### [Work to complete]
Lines below that include "output" are the answer; copy each one.

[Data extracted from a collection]
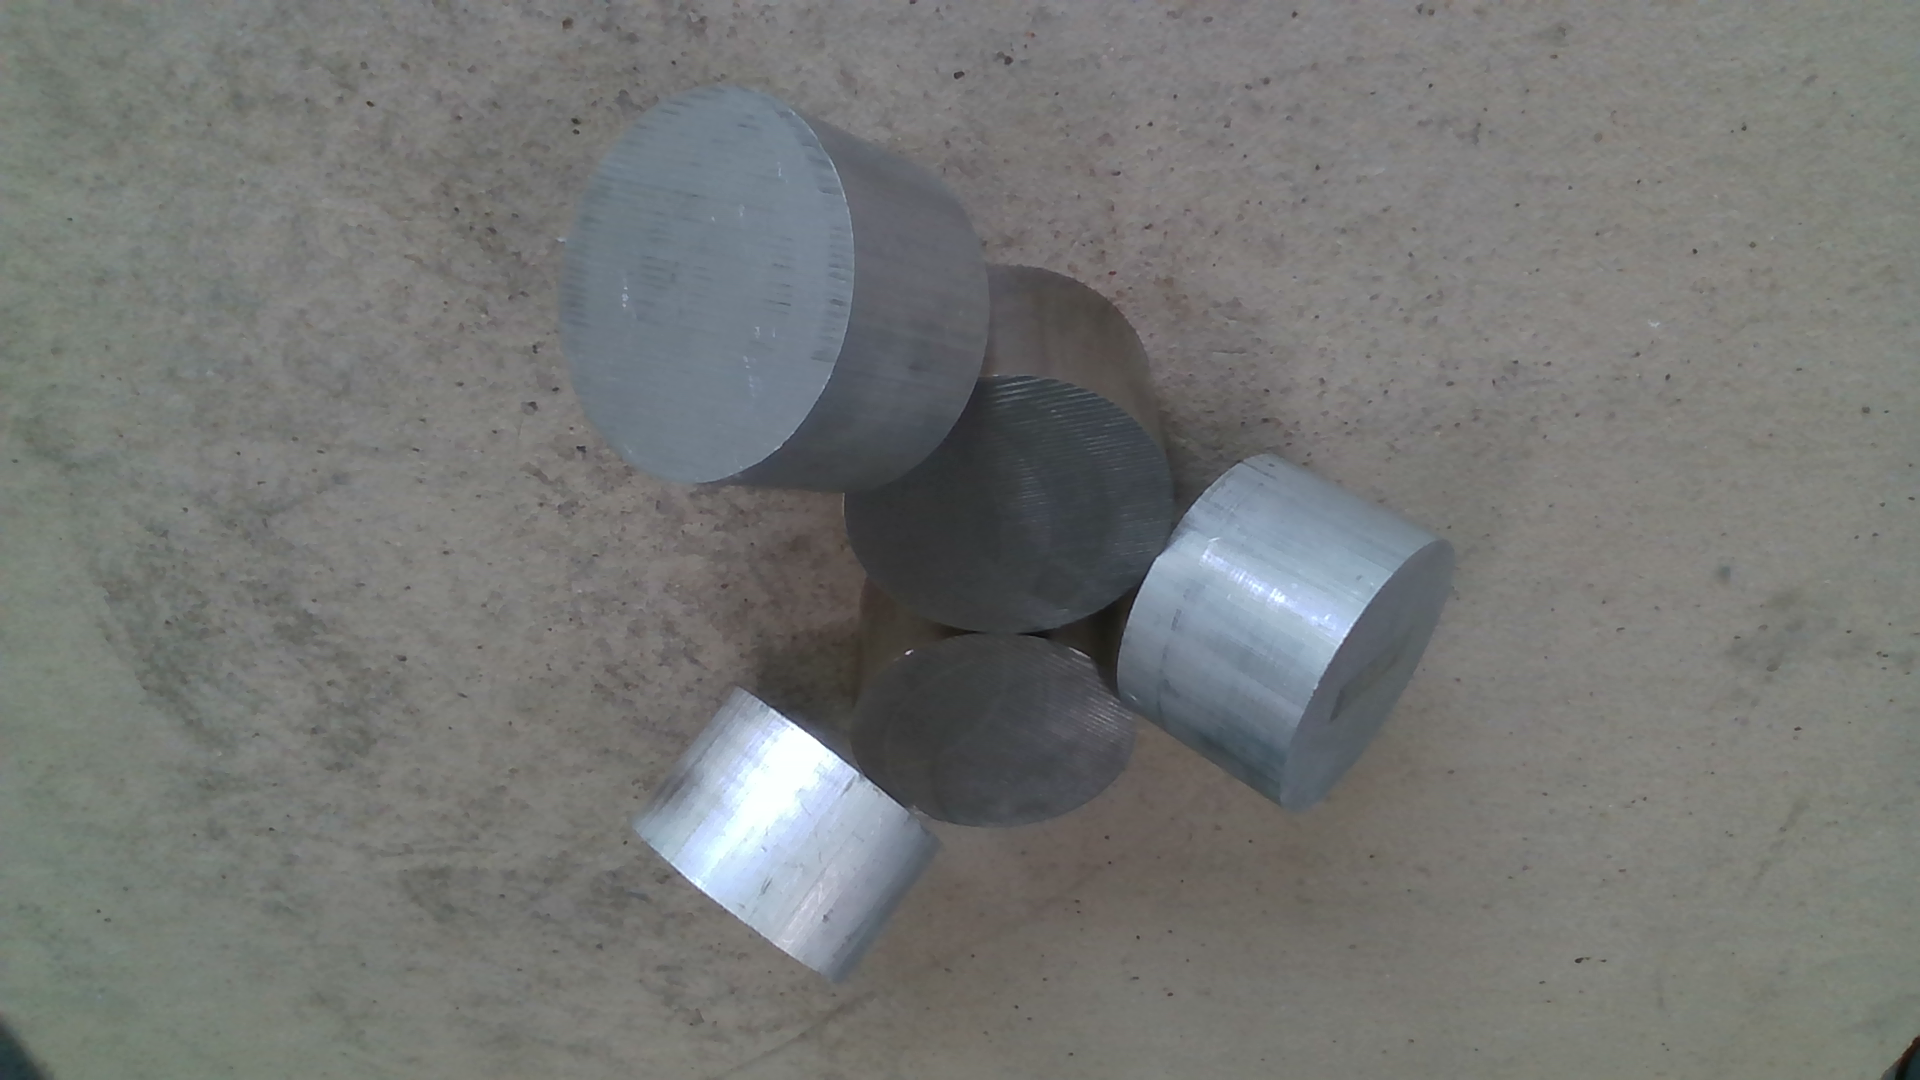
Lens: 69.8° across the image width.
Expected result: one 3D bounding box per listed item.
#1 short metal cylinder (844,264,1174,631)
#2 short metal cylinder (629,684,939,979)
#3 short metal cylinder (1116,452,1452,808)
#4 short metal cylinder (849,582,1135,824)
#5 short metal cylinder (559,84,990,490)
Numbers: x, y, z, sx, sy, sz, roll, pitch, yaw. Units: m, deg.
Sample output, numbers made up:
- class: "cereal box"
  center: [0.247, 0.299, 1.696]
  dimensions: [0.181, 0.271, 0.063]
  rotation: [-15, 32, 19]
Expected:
- class: "short metal cylinder"
  center: [0.012, -0.023, 0.353]
  dimensions: [0.080, 0.050, 0.080]
  rotation: [0, 130, 0]
- class: "short metal cylinder"
  center: [-0.053, 0.088, 0.419]
  dimensions: [0.080, 0.080, 0.050]
  rotation: [45, 75, -31]
- class: "short metal cylinder"
  center: [0.086, 0.023, 0.365]
  dimensions: [0.050, 0.080, 0.080]
  rotation: [32, 138, 30]
- class: "short metal cylinder"
  center: [0.009, 0.038, 0.405]
  dimensions: [0.080, 0.050, 0.080]
  rotation: [0, 130, 0]
- class: "short metal cylinder"
  center: [-0.041, -0.052, 0.301]
  dimensions: [0.080, 0.080, 0.050]
  rotation: [-36, 161, 26]
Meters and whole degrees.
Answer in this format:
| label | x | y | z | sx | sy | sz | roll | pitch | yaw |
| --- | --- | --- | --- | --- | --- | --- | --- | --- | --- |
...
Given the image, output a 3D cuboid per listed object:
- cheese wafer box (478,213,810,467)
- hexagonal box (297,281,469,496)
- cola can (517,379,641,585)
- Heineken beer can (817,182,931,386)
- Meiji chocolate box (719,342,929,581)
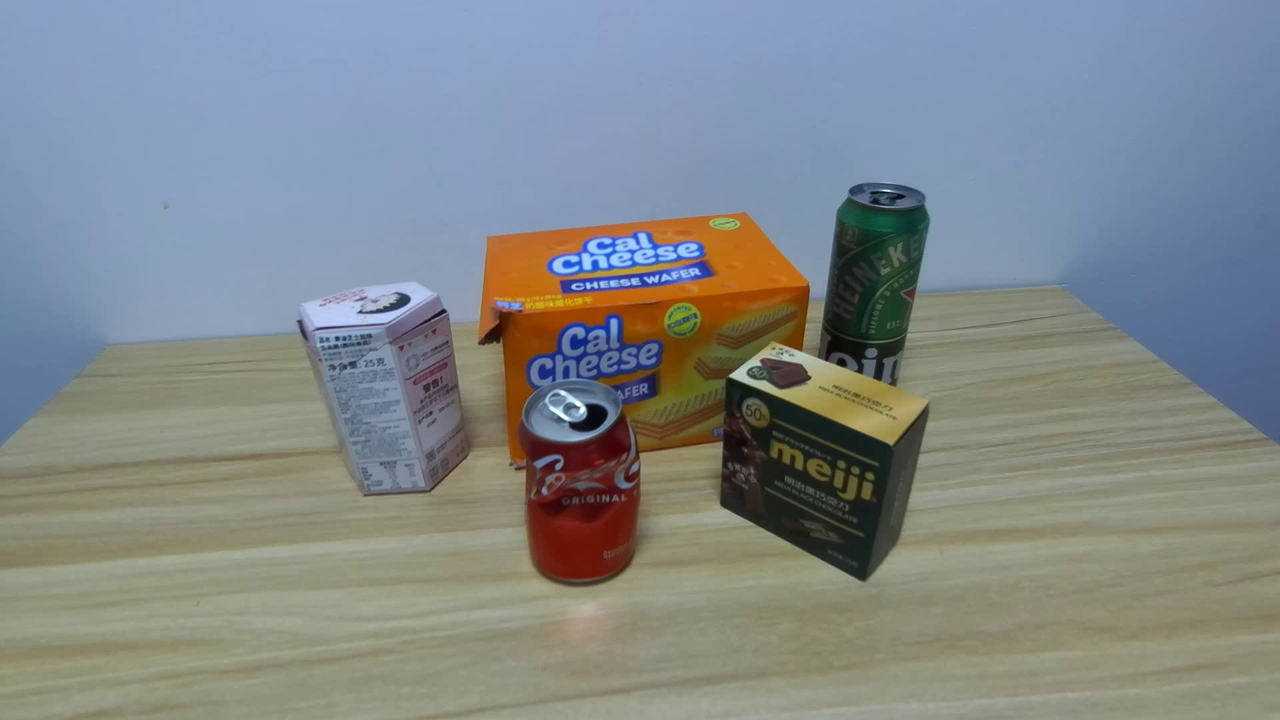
| label | x | y | z | sx | sy | sz | roll | pitch | yaw |
| --- | --- | --- | --- | --- | --- | --- | --- | --- | --- |
| cheese wafer box | -0.003 | -0.024 | 0.552 | 0.227 | 0.137 | 0.149 | -7 | 33 | -9 |
| hexagonal box | -0.174 | 0.018 | 0.493 | 0.084 | 0.135 | 0.092 | 14 | 36 | 24 |
| cola can | -0.037 | 0.072 | 0.417 | 0.066 | 0.117 | 0.065 | -13 | 34 | -17 |
| Heineken beer can | 0.177 | -0.047 | 0.547 | 0.067 | 0.169 | 0.067 | -1 | 32 | 1 |
| Meiji chocolate box | 0.108 | 0.061 | 0.434 | 0.109 | 0.109 | 0.056 | 24 | 40 | 34 |
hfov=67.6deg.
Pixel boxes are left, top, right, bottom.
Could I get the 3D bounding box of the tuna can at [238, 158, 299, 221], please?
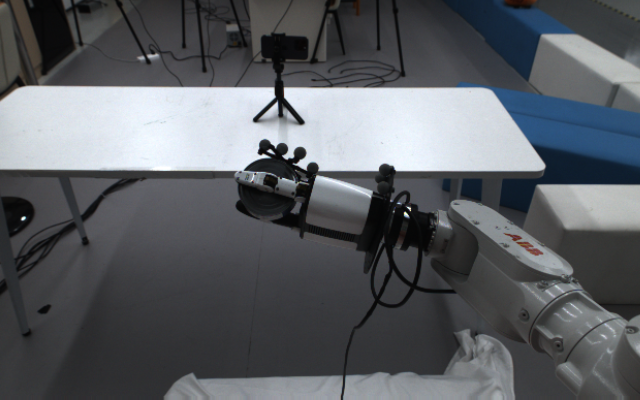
[{"bbox_3d":[-0.072,-0.016,0.695,0.085,0.034,0.085,0,72,0],"label":"tuna can"}]

### [Response]
Sample output, numbers made up:
Given the image, output a 3D cuboid per listed object:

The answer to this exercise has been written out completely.